Finding the limit of trig functions

lLovePhysics

I'm having a hard time find the limits of these trig functions. Please help me with it. Thanks in advance.

1. [tex]\lim_{x \rightarrow \pi}(\frac{\sqrt{x}}{csc x})[/tex]

From this function I know that [tex]csc x= \frac{1}{sin x}[/tex] which cannot equal 0.

X, therefore, cannot equal [tex]\pi n[/tex] where n is any integer.

Am I doing something wrong here? When I graph the function, there don't seem to be any asymptotes at all. I don't get this. I thought that the limit at pi was suppose to be equal to negative infinity or positive infinity but it isn't...

dynamicsolo

Given that [tex]csc x= \frac{1}{sin x}[/tex],

how could you re-write this expression: [tex](\frac{\sqrt{x}}{csc x})[/tex] ?

Is there any problem in applying the Limit Laws to it?

rocomath

[tex]\lim_{x->\pi}\frac{\sqrt{x}}{\csc{x}}[/tex]

[tex]\lim_{x->\pi}\frac{\frac{\sqrt{x}}{1}}{\frac{1}{\sin{x}}}[/tex]

simplify and what is ...

[tex]\frac{\sin{x}}{x}[/tex]

dynamicsolo

and obtain [tex]\lim_{x->\pi}\sqrt{x}}\sin{x}[/tex],

which should be decently-behaved...



Is this a separate question?

rocomath

if you divide the limit question by x, you obtain sinx\x which allows you to have an answer other than 0

dynamicsolo

What is this in reference to? I'm not following you.

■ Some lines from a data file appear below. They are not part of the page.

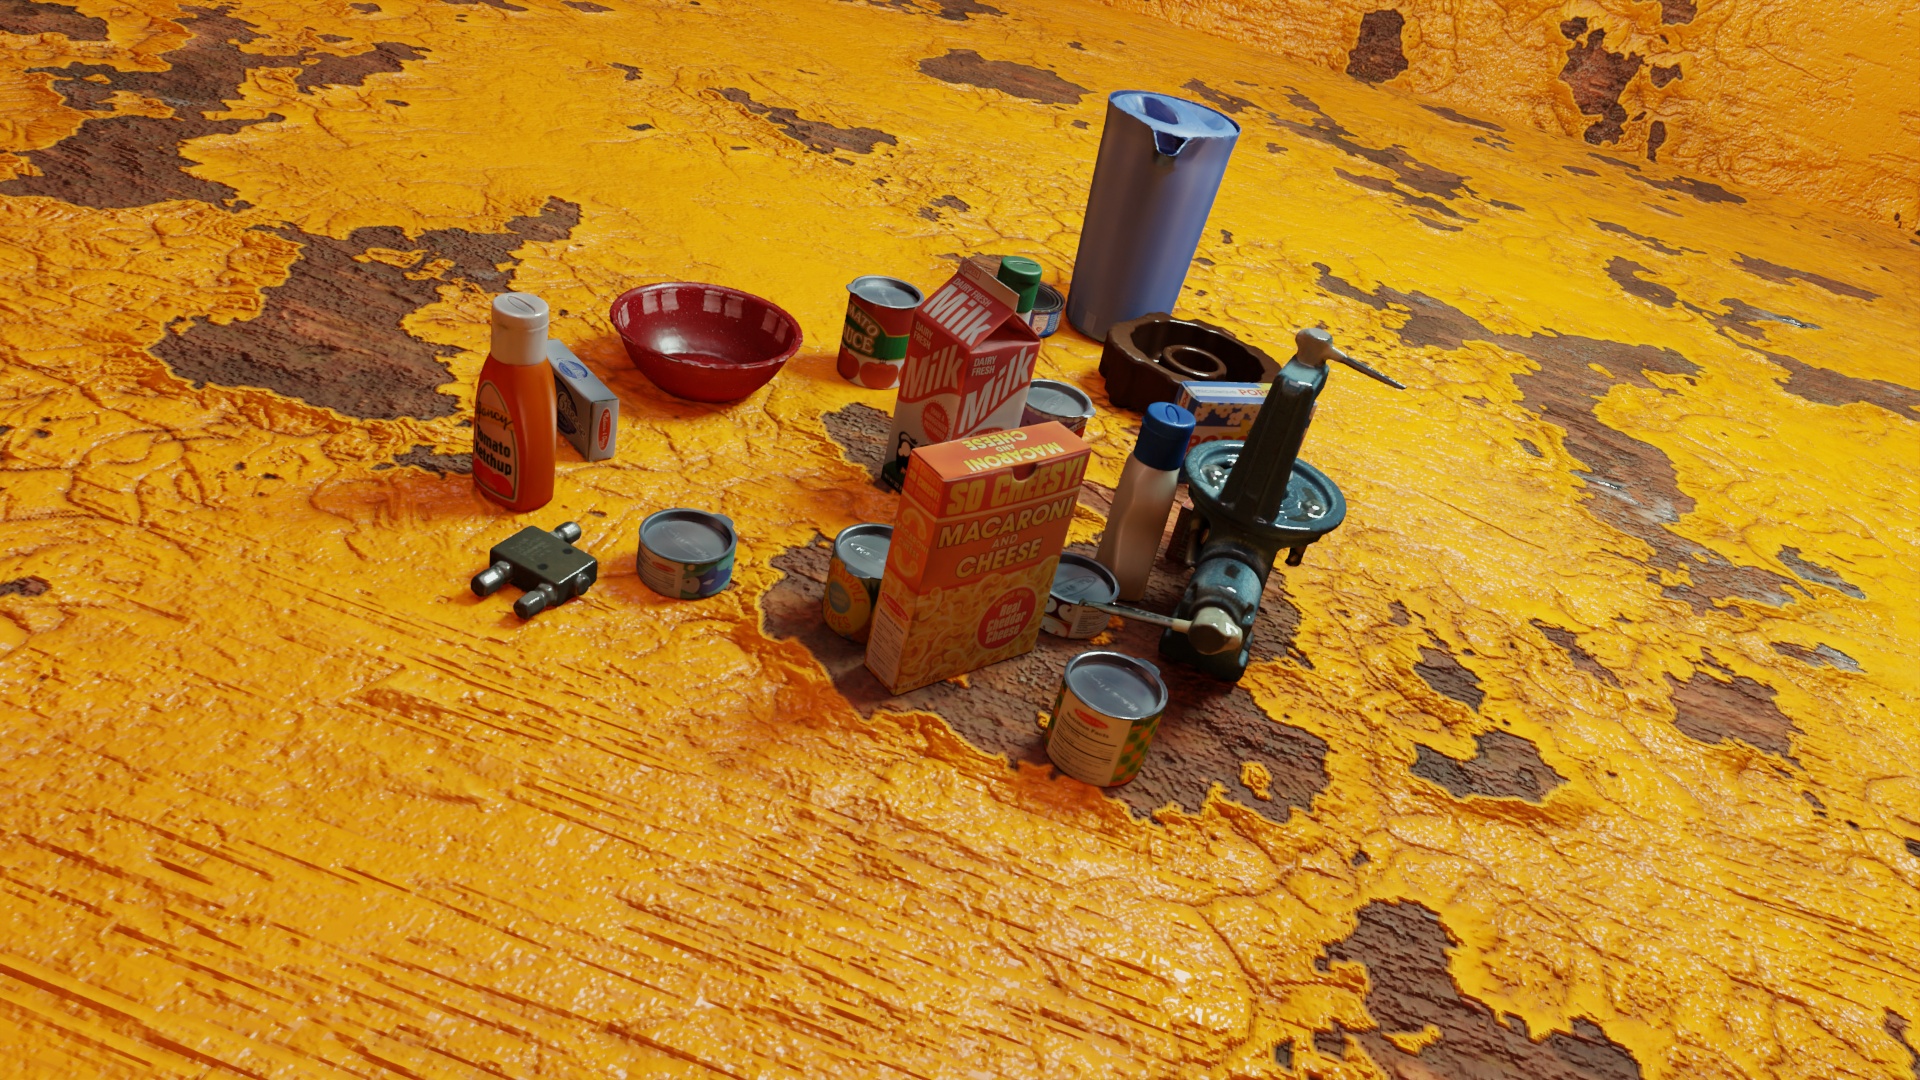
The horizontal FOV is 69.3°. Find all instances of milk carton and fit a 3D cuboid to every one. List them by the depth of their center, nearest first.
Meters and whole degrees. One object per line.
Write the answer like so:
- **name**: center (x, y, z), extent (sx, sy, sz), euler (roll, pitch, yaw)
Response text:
- **milk carton**: center (0.002, -0.117, 1.070), extent (0.074, 0.189, 0.072), euler (-14, 42, -38)

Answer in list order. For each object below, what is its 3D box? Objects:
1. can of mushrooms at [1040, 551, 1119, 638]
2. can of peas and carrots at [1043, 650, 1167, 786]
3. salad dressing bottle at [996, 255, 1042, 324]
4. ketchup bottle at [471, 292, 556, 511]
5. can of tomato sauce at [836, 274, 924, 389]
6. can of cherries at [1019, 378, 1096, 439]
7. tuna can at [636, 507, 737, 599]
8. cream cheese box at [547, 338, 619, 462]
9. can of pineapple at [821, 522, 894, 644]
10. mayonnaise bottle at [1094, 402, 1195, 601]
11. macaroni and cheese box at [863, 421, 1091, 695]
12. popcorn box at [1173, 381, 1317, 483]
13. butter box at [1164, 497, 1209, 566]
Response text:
- **can of mushrooms**: center (0.078, 0.038, 1.007), extent (0.071, 0.033, 0.071), euler (10, 32, -6)
- **can of peas and carrots**: center (0.092, 0.111, 0.877), extent (0.071, 0.058, 0.071), euler (10, 32, -6)
- **salad dressing bottle**: center (0.036, -0.174, 1.211), extent (0.064, 0.146, 0.044), euler (-1, 35, -23)
- **ketchup bottle**: center (-0.305, -0.096, 0.956), extent (0.065, 0.148, 0.044), euler (31, 36, 25)
- **can of tomato sauce**: center (-0.075, -0.187, 1.248), extent (0.071, 0.082, 0.071), euler (10, 32, -6)
- **can of cherries**: center (0.076, -0.097, 1.192), extent (0.071, 0.058, 0.072), euler (10, 32, -6)
- **tuna can**: center (-0.186, 0.008, 0.950), extent (0.071, 0.032, 0.071), euler (10, 32, -6)
- **cream cheese box**: center (-0.298, -0.109, 1.067), extent (0.024, 0.053, 0.104), euler (-15, 42, -38)
- **can of pineapple**: center (-0.059, 0.030, 0.943), extent (0.071, 0.057, 0.071), euler (10, 32, -6)
- **mayonnaise bottle**: center (0.136, -0.030, 1.027), extent (0.041, 0.147, 0.065), euler (10, 32, -7)
- **macaroni and cheese box**: center (0.011, 0.011, 0.898), extent (0.124, 0.165, 0.040), euler (-14, 42, -38)
- **popcorn box**: center (0.243, -0.095, 1.229), extent (0.127, 0.084, 0.038), euler (-1, 35, -23)
- **butter box**: center (0.202, -0.022, 1.131), extent (0.024, 0.052, 0.104), euler (27, 34, 19)
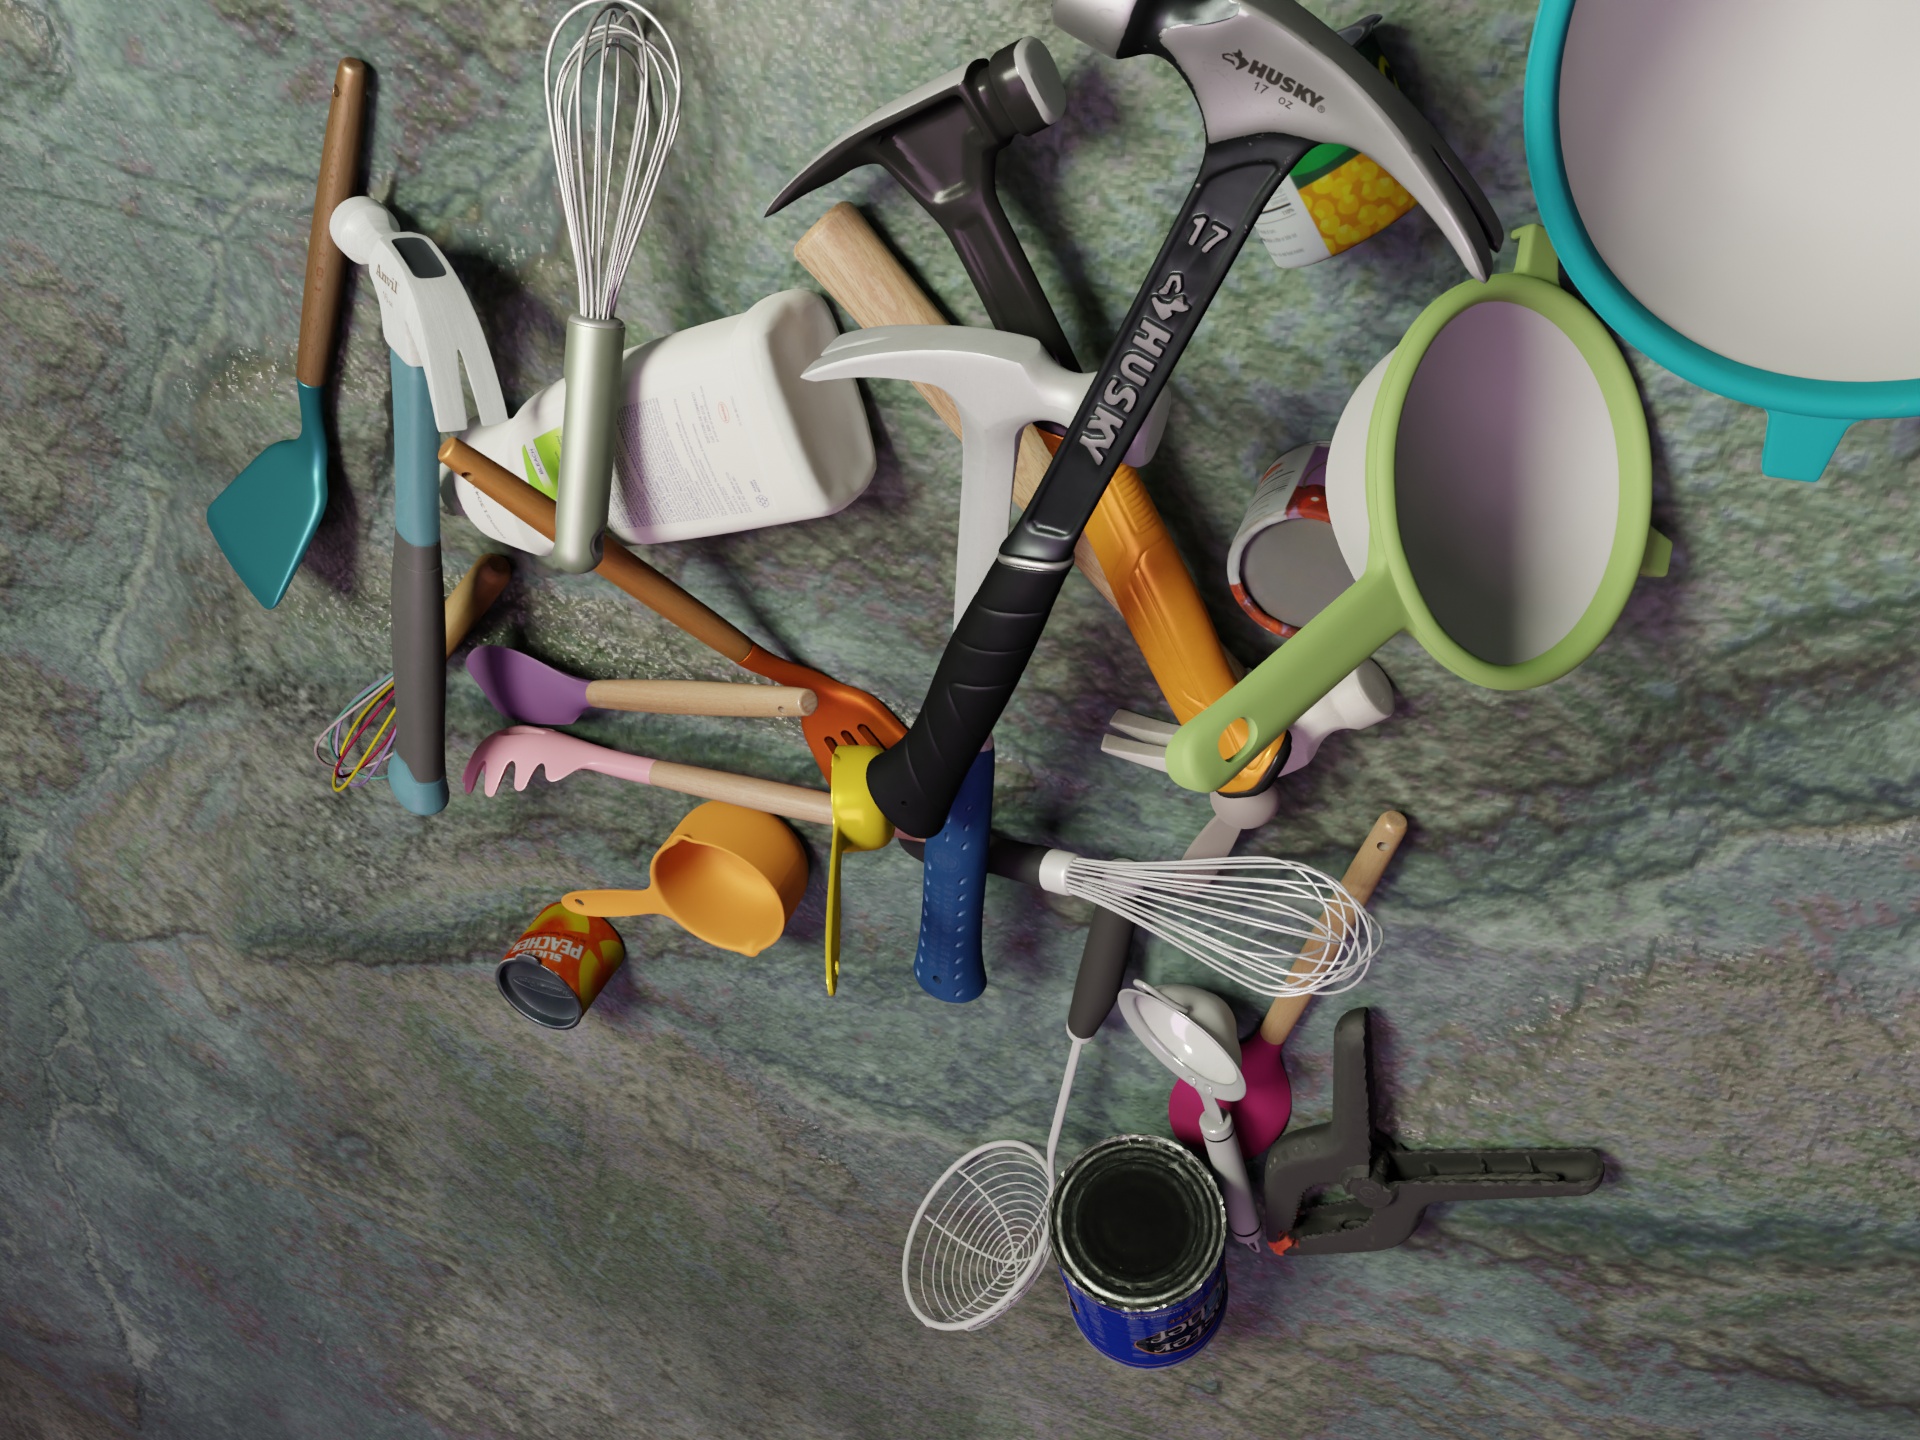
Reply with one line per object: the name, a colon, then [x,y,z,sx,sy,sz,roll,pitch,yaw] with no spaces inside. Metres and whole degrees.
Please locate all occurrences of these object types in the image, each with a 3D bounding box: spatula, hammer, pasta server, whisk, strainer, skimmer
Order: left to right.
spatula: [-0.342,-0.195,0.822,0.082,0.044,0.317,49,135,20]
whisk: [-0.330,-0.023,0.959,0.051,0.047,0.245,43,129,-10]
hammer: [-0.281,-0.087,0.822,0.128,0.033,0.330,43,135,33]
whisk: [-0.158,-0.181,0.690,0.059,0.058,0.246,12,111,4]
spatula: [-0.183,-0.016,0.856,0.316,0.018,0.059,4,132,45]
pasta server: [-0.152,0.042,0.913,0.316,0.060,0.040,10,104,21]
spatula: [-0.129,-0.040,0.806,0.081,0.041,0.322,-19,140,36]
hammer: [-0.001,-0.002,0.741,0.144,0.035,0.405,20,137,15]
skimmer: [0.033,0.225,0.950,0.090,0.127,0.363,5,125,-7]
hammer: [0.046,-0.095,0.724,0.331,0.031,0.130,47,131,-14]
hammer: [0.040,-0.073,0.594,0.149,0.036,0.408,30,139,2]
hammer: [0.051,-0.102,0.671,0.127,0.034,0.336,-15,118,33]
whisk: [0.080,0.084,0.817,0.285,0.070,0.070,11,132,37]
strainer: [0.145,0.224,0.910,0.087,0.050,0.258,22,142,45]
strainer: [0.151,-0.057,0.583,0.069,0.256,0.151,7,131,59]
strainer: [0.239,-0.249,0.462,0.340,0.095,0.211,46,129,-11]

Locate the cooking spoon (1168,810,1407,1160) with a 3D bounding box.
cooking spoon: [0.180,0.158,0.875,0.069,0.017,0.318,22,134,8]

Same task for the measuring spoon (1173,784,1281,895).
measuring spoon: [0.130,0.066,0.806,0.034,0.018,0.124,13,147,-3]

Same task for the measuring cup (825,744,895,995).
measuring cup: [-0.050,0.074,0.796,0.029,0.157,0.062,-4,132,4]

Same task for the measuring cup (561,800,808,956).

The compound fraction you wrote:

[tex]\frac{\frac{\sqrt{x}}{1}}{\frac{1}{\sin{x}} }[/tex]

becomes

[tex]\sqrt{x}}\sin{x}[/tex] .

Where did (sin x)/x come from??

lLovePhysics

Okay, I got [tex]\lim_{x \rightarrow \pi}x\sqrt{x}[/tex] but then if I use direct substitution I get [tex] \pi\sqrt{\pi}[/tex] which is not the correct answer...

rocomath

that's exactly what i get eventually, idk what to tell you :(

lLovePhysics

Well, my book says the correct answer is 0 but I don't know how they arrived at that.

dynamicsolo

Ah, here's the problem.

Forget what I had here before! That's what I get for trying to analyze something like this in the wee hours...

We're getting distracted by that (x/sin x). You're evaluating the limit at *x = pi*, not x = 0! Your expression becomes [sqrt(pi)]/(pi/0) = [sqrt(pi)]/inf. = 0 . So there *is* no contradiction! It just makes the algebra easier if you multiply the original function through by sin x , rather than playing with the compound fraction. But the results are equivalent.

I couldn't understand how the original function was getting turned into

x·sqrt(x) , which behaves nothing like sqrt(x)/(csc x) ...

rocomath

if it's zero, rather than putting it under x to get rid of sinx, just plug it in when you have sinx times sqrtX

dynamicsolo

I think this illustrates the perils of too-late-night calculus. I've completely revised my previous post. There is no difficulty and the answer *is* zero.

Pinkbunnies52

Maybe you could set it up as lim (h-->0) of [f(x+h)-f(x)]/h
the first principles

or you can just know that its -cot(x)sec(x) or something like that, i dont have my limit laws sheet infront of me right now, but hopefully that can help

d_leet

Why? That would give you a derivative, but this question does not ask for a derivative...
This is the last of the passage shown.